Depuis toujours, le jeu vidéo se traîne la réputation d’être un truc pour les gosses. Malgré tous les efforts (ici même et ailleurs), il reste la dernière roue du carrosse, et n’importe quel Grand Theft Auto ne pourra se hisser au niveau d’un Scorsese ou encore moins d’un DeLillo dans l’œil du critique consensuel. Lego City Undercover a de quoi lui donner raison, littéralement, et avec une certaine ironie qui tacle dans le même mouvement sa position arrogante – ou en tout cas désuète. GTA-like, ou presque, dans le monde de Lego (qui depuis maintenant plus d’une décennie a servi des dizaines de jeux et licences), Lego City Undercover est bien une version lite, pour bambins, du chef-d’œuvre de Rockstar. Soit une aventure dans un monde ouvert, vaste, décalquant avec malice les grandes métropoles américaines (New York, San Francisco etc.), mais en Lego. Suivant un scénario aux allures d’Arme fatale remonté par Disney Channel, le ton gentiment 80’s du jeu sent bon le petit revival à l’adresse d’un public qui sans avoir connu l’époque ciblée, reste apte à immédiatement en comprendre les codes, à cheval entre classicisme et post-modernisme.
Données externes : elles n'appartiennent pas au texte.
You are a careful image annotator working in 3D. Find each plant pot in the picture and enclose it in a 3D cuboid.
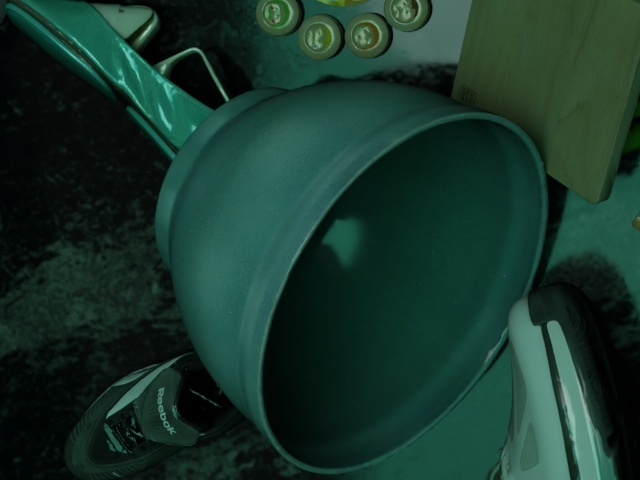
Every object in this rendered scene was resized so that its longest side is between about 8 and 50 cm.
[{"bbox_3d":[0.000,0.000,1.446,0.196,0.293,0.293,33,107,36],"label":"plant pot"}]

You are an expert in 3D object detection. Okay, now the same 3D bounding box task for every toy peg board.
[{"bbox_3d":[0.192,-0.140,1.439,0.160,0.079,0.161,38,131,36],"label":"toy peg board"}]

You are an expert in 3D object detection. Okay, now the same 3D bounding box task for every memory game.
[{"bbox_3d":[0.015,-0.233,1.527,0.186,0.012,0.186,2,98,15],"label":"memory game"}]

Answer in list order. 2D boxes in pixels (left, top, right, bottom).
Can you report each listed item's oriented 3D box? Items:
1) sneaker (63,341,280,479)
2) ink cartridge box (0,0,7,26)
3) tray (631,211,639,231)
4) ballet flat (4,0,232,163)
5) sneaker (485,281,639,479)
[{"bbox_3d":[-0.122,0.135,1.568,0.234,0.106,0.078,-27,89,17],"label":"sneaker"},{"bbox_3d":[-0.285,-0.183,1.597,0.028,0.048,0.083,31,105,11],"label":"ink cartridge box"},{"bbox_3d":[0.428,-0.123,1.398,0.203,0.076,0.411,36,106,8],"label":"tray"},{"bbox_3d":[-0.141,-0.135,1.559,0.247,0.083,0.087,43,82,6],"label":"ballet flat"},{"bbox_3d":[0.124,0.262,1.486,0.257,0.169,0.447,-6,99,14],"label":"sneaker"}]
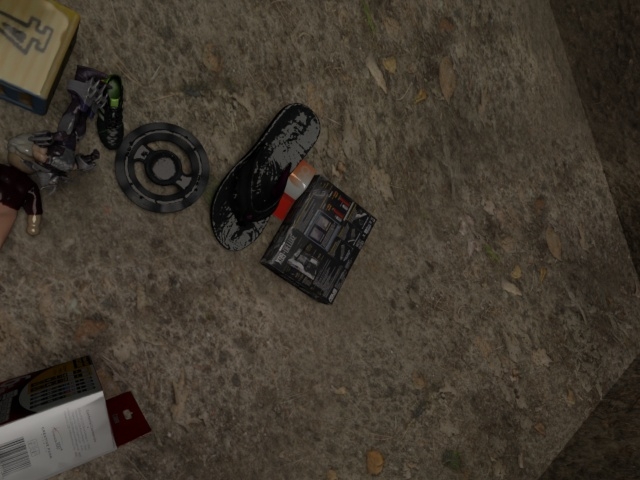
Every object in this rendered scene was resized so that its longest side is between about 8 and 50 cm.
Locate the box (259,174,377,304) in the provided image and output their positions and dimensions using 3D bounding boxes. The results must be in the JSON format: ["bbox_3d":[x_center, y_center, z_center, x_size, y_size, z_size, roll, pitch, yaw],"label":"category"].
[{"bbox_3d":[0.000,0.000,1.470,0.242,0.076,0.308,35,75,-25],"label":"box"}]

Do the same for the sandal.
[{"bbox_3d":[-0.150,-0.173,1.333,0.167,0.107,0.446,31,89,-25],"label":"sandal"}]

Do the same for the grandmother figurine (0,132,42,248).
[{"bbox_3d":[-0.699,-0.087,1.071,0.208,0.104,0.343,46,65,-52],"label":"grandmother figurine"}]

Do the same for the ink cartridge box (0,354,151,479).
[{"bbox_3d":[-0.530,0.354,1.052,0.271,0.309,0.130,-15,99,-29],"label":"ink cartridge box"}]

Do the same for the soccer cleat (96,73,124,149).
[{"bbox_3d":[-0.497,-0.307,1.184,0.060,0.072,0.179,1,91,-29],"label":"soccer cleat"}]

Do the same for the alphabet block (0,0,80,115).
[{"bbox_3d":[-0.637,-0.404,1.038,0.193,0.192,0.197,23,80,-30],"label":"alphabet block"}]

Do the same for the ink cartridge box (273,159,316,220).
[{"bbox_3d":[-0.113,-0.170,1.421,0.145,0.045,0.179,35,72,-25],"label":"ink cartridge box"}]

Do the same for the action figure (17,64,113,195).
[{"bbox_3d":[-0.543,-0.231,1.080,0.099,0.185,0.285,19,84,-1],"label":"action figure"}]

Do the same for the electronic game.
[{"bbox_3d":[-0.396,-0.183,1.258,0.229,0.048,0.230,1,88,-22],"label":"electronic game"}]
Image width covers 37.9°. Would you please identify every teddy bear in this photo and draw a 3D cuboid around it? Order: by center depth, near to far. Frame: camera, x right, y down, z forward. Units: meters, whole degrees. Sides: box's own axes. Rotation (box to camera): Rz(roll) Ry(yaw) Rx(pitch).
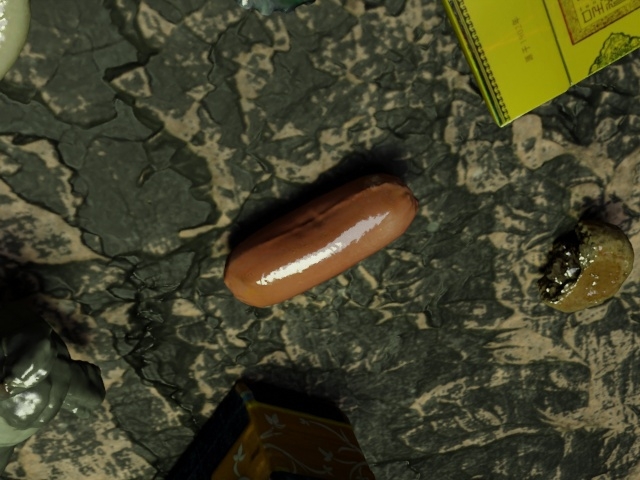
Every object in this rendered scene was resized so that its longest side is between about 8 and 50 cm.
[{"bbox_3d":[-0.295,0.134,0.838,0.251,0.144,0.171,-38,152,14],"label":"teddy bear"}]

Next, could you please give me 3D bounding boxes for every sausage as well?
[{"bbox_3d":[0.000,0.000,0.863,0.194,0.077,0.077,-29,132,6],"label":"sausage"}]

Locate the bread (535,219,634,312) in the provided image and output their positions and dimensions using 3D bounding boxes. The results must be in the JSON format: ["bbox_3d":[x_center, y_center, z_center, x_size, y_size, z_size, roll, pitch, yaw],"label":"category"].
[{"bbox_3d":[0.285,0.026,0.993,0.082,0.060,0.113,13,125,-27],"label":"bread"}]

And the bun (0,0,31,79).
[{"bbox_3d":[-0.277,-0.165,0.599,0.173,0.113,0.167,-11,124,-8],"label":"bun"}]

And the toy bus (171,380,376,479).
[{"bbox_3d":[-0.087,0.330,1.029,0.162,0.194,0.323,20,117,-32],"label":"toy bus"}]

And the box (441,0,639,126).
[{"bbox_3d":[0.244,-0.226,0.782,0.279,0.041,0.153,-30,133,6],"label":"box"}]

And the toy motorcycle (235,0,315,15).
[{"bbox_3d":[0.021,-0.301,0.573,0.327,0.143,0.188,-46,128,11],"label":"toy motorcycle"}]
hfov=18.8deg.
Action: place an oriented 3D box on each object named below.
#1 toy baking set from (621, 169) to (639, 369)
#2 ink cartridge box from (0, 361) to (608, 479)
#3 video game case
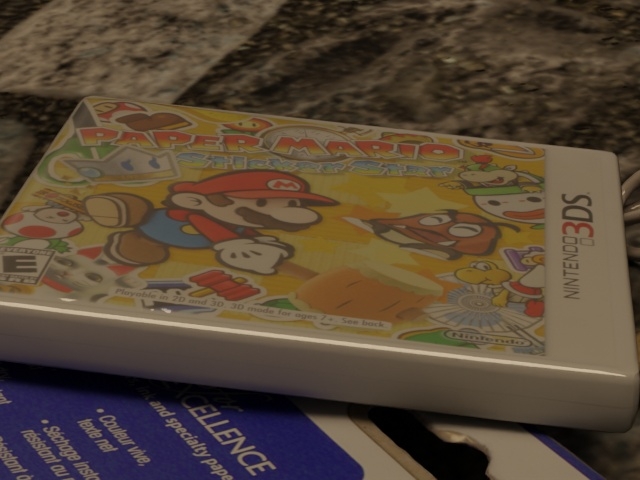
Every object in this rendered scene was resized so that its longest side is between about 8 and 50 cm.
[{"bbox_3d":[0.194,-0.024,0.738,0.196,0.030,0.256,-25,21,16],"label":"toy baking set"},{"bbox_3d":[-0.061,0.112,0.566,0.307,0.072,0.303,-8,27,-30],"label":"ink cartridge box"},{"bbox_3d":[0.000,0.000,0.716,0.227,0.026,0.206,6,24,4],"label":"video game case"}]
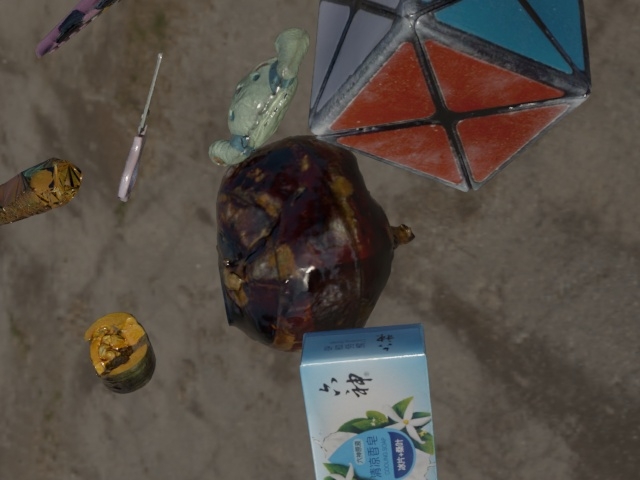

Pour l’adulte tombant sur le jeu, la dimension est légèrement différente, plus nostalgique et surtout plus réflexive.

 

Soyons clair, en terme de jeu, Lego City Undercover est si pauvre en challenge (missions assistées, difficulté au rabais) qu’il a de quoi décourager celui ne cherchant pas à voir un peu au-delà de cette limite. Une fois fait le deuil du gameplay, en dépit d’une quantité impressionnante de contenu faisant un peu mieux passer la pilule, Lego City Undercover se révèle un jeu aussi sympathique que stimulant si on l’observe sous son meilleur profil. Au prix d’un minimum d’effort, il génère même une forme de connexion rêvée, créant un gigantesque espace bac à sable renvoyant à une enfance impossible où l’on aurait eu, à portée de mains, une ville entière en Lego. La rencontre avec GTA (en plus balisé, pour ne semer personne) et son espace démesuré, rappelle non seulement son influence désormais omniprésente, mais produit aussi un court-circuit entre deux mondes. Se livrer à Lego City Undercover c’est un peu comme jouer au grand (GTA, jeu mature par excellence, a priori), avec les moyens des petits (le Lego). L’expérience tient ainsi d’un nouveau tourisme en enfance, rappelant non seulement la jubilation des constructions en tous genres qu’on pouvait faire sur le tapis du salon, mais aussi l’éternel jeu du bandit et du voleur voulu par l’intrigue. La pléiade de jeux Lego précédents créait déjà cette image, mais elle est ici démultipliée, plus cohérente grâce à l’open world qui lui donne vie.

 

Truffé de références pop (films, jeux), comme Pixar pensait ses films à ses débuts, Lego City Undercover dresse aussi un parallèle avec le cinéma d’animation hollywoodien de ces dernières années. Par son ton, son style, son univers, il suit cette voie d’une fiction pour enfants toujours plus mise en scène et écrite par des adultes rêvant leur passé. Il renvoie aussi ironiquement GTA à ce qu’il est, avant d’être cette satire baddass du rêve américain : un pur retour en enfance. Une régression dans un monde à l’image du notre, où les règles auraient sauté, où on pourrait enfin jouer librement les sales gosses et dire non à tout avec un air idiot. D’une certaine façon, la boucle est bouclée.